The jsonlite package is available on CRAN and can be installed with:

install.packages("jsonlite")
library(jsonlite)

Reading JSON into R

The primary function for reading JSON is fromJSON(). It accepts URLs, file paths, or character strings:

# From a URL (JSONPlaceholder API example)
users <- fromJSON("https://jsonplaceholder.typicode.com/users")

# From a local file
data <- fromJSON("data.json")

# From a character string
json_str <- '{"name": "Alice", "age": 30}'
person <- fromJSON(json_str)

The function automatically converts JSON arrays to R vectors and objects to data frames or lists depending on the structure.

Writing R objects to JSON

Use toJSON() to convert R objects to JSON format:

# Simple example
df <- data.frame(
  name = c("Alice", "Bob"),
  score = c(95, 87)
)

json_output <- toJSON(df, pretty = TRUE)
cat(json_output)

The pretty = TRUE argument formats the output with indentation for readability. Use auto_unbox = TRUE to convert single-element arrays to raw types.

Writing to files

# Write JSON to a file
write_json(df, "output.json", pretty = TRUE)

Working with nested JSON

Real-world JSON often has nested structures. The flatten() function simplifies these:

# Example: nested API response
nested <- fromJSON('{
  "person": {
    "name": "Alice",
    "address": {"city": "Boston", "zip": "02101"}
  }
}')

# Flatten to get address.city as a column
flat <- flatten(nested)

For complex nested structures, work with lists directly:

# Access nested elements
data <- fromJSON("complex_api.json")
city <- data$results[[1]]$address$city

Handling dates and times

JSON does not have a native date type. The POSIXct class stores dates with timezone information:

# Dates become ISO 8601 strings
df <- data.frame(
  event = c("start", "end"),
  timestamp = as.POSIXct(c("2024-01-15 09:00", "2024-01-15 17:00"))
)

toJSON(df, POSIXt = "ISO")

Error handling

When working with external APIs, handle potential errors. The safely function from purrr wraps any function to return a list with result and error components:

library(purrr)
safe_read <- safely(fromJSON, otherwise = NULL)
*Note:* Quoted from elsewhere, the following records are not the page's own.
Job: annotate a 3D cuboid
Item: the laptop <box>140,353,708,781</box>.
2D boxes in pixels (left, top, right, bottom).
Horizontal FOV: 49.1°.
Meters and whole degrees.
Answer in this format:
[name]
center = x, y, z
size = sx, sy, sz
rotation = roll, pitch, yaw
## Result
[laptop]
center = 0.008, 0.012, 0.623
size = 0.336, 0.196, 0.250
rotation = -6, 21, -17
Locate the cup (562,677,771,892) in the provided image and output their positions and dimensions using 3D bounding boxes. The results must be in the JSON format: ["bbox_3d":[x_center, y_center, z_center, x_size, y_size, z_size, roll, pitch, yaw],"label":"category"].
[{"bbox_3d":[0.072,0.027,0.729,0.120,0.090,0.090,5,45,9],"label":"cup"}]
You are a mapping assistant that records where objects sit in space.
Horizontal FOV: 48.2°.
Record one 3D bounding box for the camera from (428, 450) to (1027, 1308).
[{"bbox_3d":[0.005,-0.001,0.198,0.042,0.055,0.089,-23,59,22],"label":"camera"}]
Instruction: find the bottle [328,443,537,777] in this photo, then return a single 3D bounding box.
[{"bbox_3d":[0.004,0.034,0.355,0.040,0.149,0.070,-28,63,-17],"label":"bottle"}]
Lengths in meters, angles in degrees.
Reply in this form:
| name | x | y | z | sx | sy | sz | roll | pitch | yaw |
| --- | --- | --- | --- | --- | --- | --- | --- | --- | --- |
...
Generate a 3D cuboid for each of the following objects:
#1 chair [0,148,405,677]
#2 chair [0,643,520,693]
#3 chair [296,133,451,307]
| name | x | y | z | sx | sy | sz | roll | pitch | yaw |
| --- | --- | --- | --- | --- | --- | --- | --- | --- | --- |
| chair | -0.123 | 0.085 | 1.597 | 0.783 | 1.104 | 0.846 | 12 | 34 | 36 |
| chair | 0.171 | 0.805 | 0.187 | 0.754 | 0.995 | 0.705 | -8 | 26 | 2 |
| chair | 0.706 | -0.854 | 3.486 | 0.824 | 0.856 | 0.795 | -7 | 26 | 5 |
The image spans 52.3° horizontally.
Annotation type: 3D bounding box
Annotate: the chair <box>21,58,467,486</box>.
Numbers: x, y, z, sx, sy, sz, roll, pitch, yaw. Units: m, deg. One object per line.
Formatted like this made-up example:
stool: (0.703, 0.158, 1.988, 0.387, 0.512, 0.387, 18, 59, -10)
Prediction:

result <- safe_read("https://api.example.com/data")

if (is.null(result$error)) {
  data <- result$result
} else {
  message("Failed to fetch: ", result$error$message)
}

Practical example: weather API

Here is a complete example fetching weather data from an API:

library(jsonlite)

# Fetch weather data (example API)
url <- "https://api.open-meteo.com/v1/forecast?latitude=52.52&longitude=13.41&current_weather=true"
weather <- fromJSON(url)

# Extract current temperature
current_temp <- weather$current_weather$temperature
message("Current temperature: ", current_temp, " degrees C")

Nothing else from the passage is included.